• Directions for this task
Whenever a line of the material contains the string "Items", it should be copied.

• Records shown
------------------------------------

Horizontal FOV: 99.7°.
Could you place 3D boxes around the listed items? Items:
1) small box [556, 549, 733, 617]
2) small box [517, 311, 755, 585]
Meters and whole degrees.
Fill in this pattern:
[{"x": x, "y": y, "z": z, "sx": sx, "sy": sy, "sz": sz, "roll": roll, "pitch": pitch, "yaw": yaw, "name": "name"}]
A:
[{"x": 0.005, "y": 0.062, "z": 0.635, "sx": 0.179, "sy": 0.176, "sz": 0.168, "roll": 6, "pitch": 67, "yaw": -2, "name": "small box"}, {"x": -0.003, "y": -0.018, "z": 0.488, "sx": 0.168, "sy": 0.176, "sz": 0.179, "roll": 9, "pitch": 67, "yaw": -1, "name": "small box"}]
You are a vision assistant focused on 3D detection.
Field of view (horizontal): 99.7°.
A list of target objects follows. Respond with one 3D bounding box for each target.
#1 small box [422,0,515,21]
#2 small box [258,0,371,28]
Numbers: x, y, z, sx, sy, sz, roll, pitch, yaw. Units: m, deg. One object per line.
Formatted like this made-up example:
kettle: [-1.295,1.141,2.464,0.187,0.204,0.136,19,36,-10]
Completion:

------------------------------------

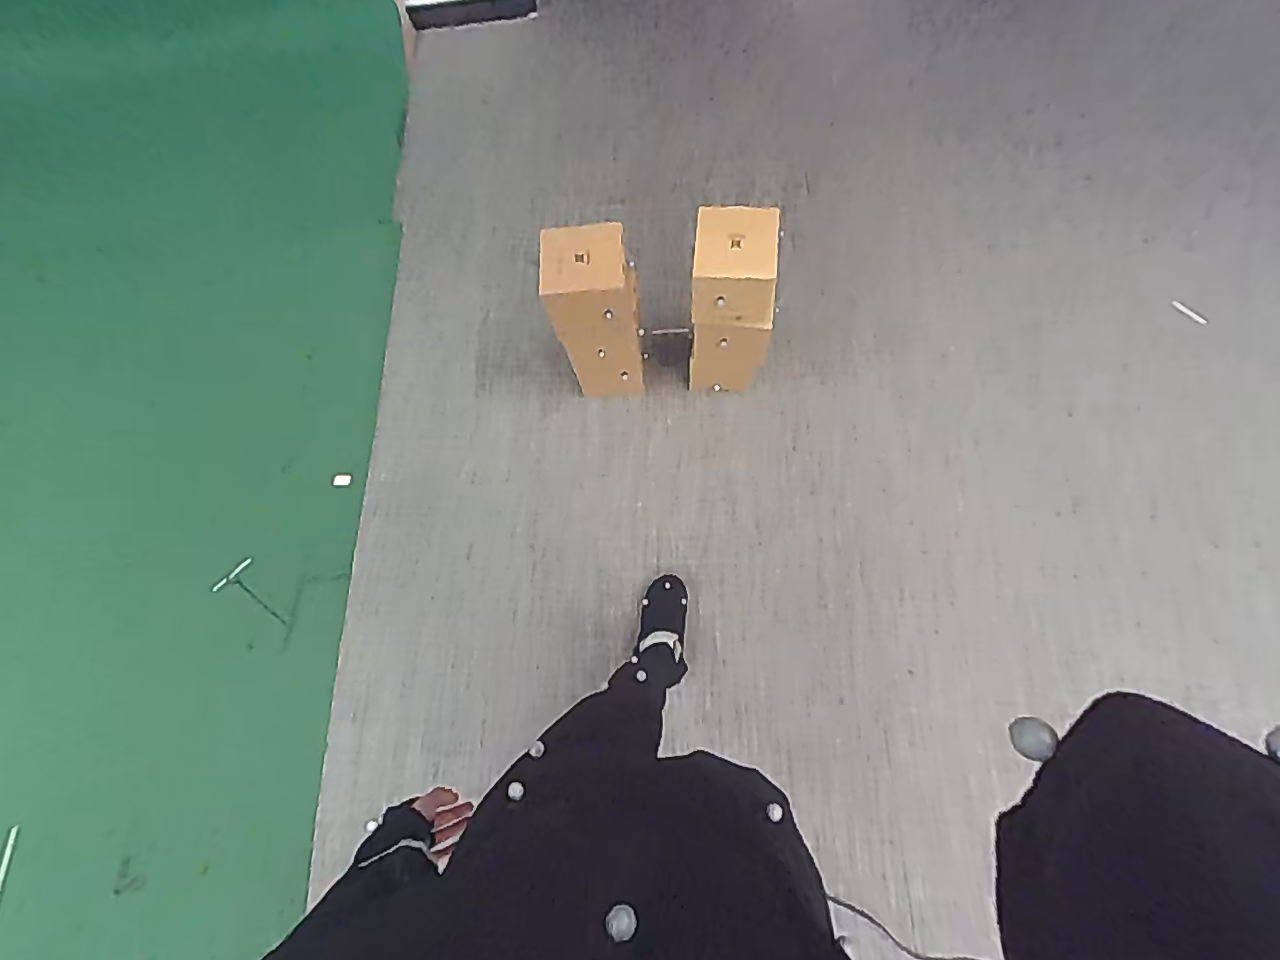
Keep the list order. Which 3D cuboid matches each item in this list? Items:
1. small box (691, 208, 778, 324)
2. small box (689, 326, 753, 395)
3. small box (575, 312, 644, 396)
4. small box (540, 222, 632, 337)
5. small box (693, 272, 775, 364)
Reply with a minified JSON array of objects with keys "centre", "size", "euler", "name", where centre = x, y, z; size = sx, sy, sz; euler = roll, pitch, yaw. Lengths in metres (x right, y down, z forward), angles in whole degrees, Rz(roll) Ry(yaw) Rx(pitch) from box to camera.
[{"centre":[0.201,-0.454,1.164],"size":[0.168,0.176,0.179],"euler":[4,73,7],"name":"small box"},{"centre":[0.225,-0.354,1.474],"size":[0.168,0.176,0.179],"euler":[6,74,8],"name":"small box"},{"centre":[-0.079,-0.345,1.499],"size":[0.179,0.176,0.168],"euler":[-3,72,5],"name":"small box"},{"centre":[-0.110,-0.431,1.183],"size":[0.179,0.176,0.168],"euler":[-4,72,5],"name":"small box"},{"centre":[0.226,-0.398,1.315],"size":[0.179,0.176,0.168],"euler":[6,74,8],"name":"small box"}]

------------------------------------

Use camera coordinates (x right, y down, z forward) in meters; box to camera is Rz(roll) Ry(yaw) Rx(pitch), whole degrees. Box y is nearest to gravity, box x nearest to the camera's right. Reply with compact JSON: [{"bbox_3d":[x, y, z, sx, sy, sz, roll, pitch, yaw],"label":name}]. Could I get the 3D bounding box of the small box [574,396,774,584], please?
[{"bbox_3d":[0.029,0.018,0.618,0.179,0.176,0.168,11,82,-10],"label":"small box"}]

------------------------------------

• Problem solution
Could you place 3D boxes around the listed items? Items:
Keep the list order. Which 3D cuboid matches each item in this list? Items:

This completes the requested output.